Query help: need at least one row for each value in each of two columns

This will produce a sample containing at least one row of each value in the
two columns. It isn't guaranteed to give the *minimum* subset but it should
contain at most C + I - 1 rows, where C is the number of distinct Clubs and
I the number of distinct IFCs.

SELECT id,club,ifc
FROM mdata AS M
WHERE id
IN
(SELECT MIN(id)
FROM mdata
GROUP BY club
UNION ALL
SELECT MIN(id)
FROM mdata AS M2
GROUP BY ifc
HAVING NOT EXISTS
(SELECT *
FROM mdata
WHERE id IN
(SELECT MIN(id)
FROM mdata
GROUP BY club)
AND ifc = M2.ifc))

I'm assuming that ID is unique and that there are no NULLs in any of the
columns.

I'm not sure it's possible to find the minimum subset every time unless you
use an iterative solution.

--
David Portas
SQL Server MVP
--

On Mon, 10 May 2004 17:29:20 +0100, David Portas wrote:

This will produce a sample containing at least one row of each value in the
two columns.

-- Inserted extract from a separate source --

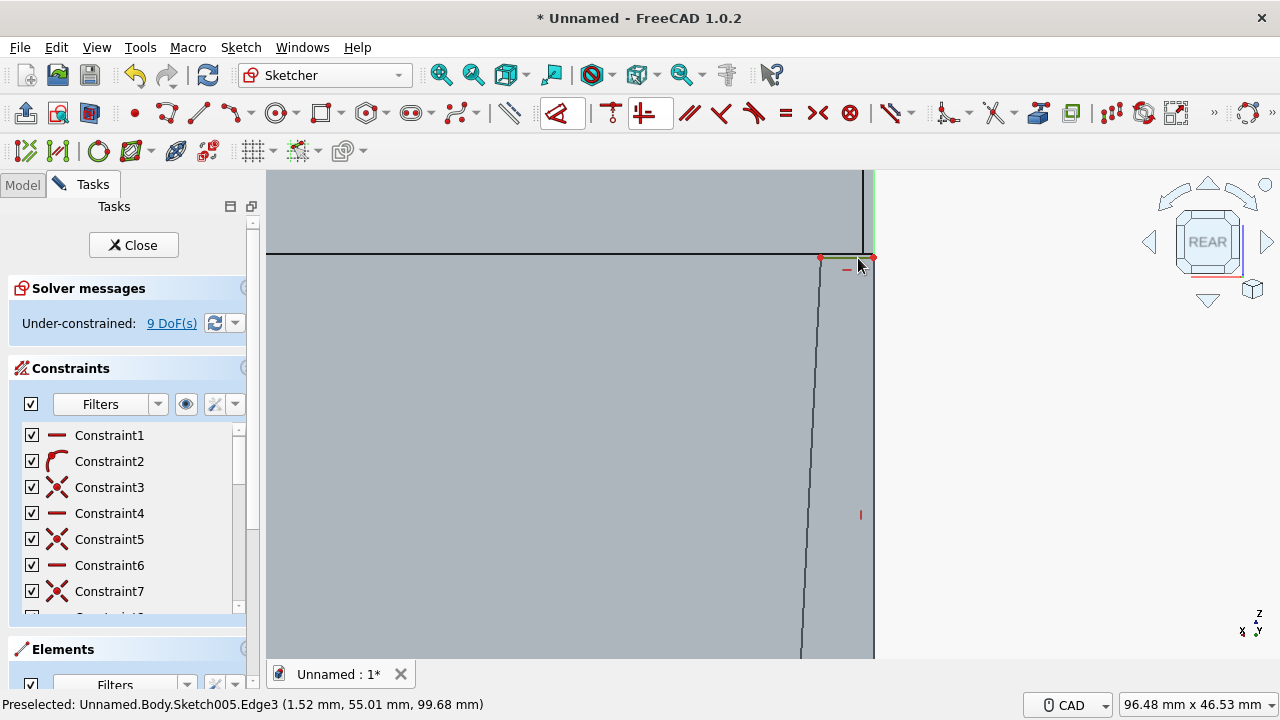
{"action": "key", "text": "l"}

It isn't guaranteed to give the *minimum* subset but it should
contain at most C + I - 1 rows, where C is the number of distinct Clubs and
I the number of distinct IFCs.
[snip]
I'm not sure it's possible to find the minimum subset every time unless you
use an iterative solution.

Thanks. Can you give me an idea as to what an iterative solution might look
like? I played around with the 6-step system below, and found that the
number of rows resulting depended on both the order of the insert queries
AND on whether I used MAX() or MIN(). I deduce that this so far is very
dependent on the exact data involved.

That said, the resulting row count only varied from 403 to 410, for a set
where C=325, I=117... so I'm bettering the worst-case (441 by your formula)
but not by a whole lot. Do you think it could theoretically be better?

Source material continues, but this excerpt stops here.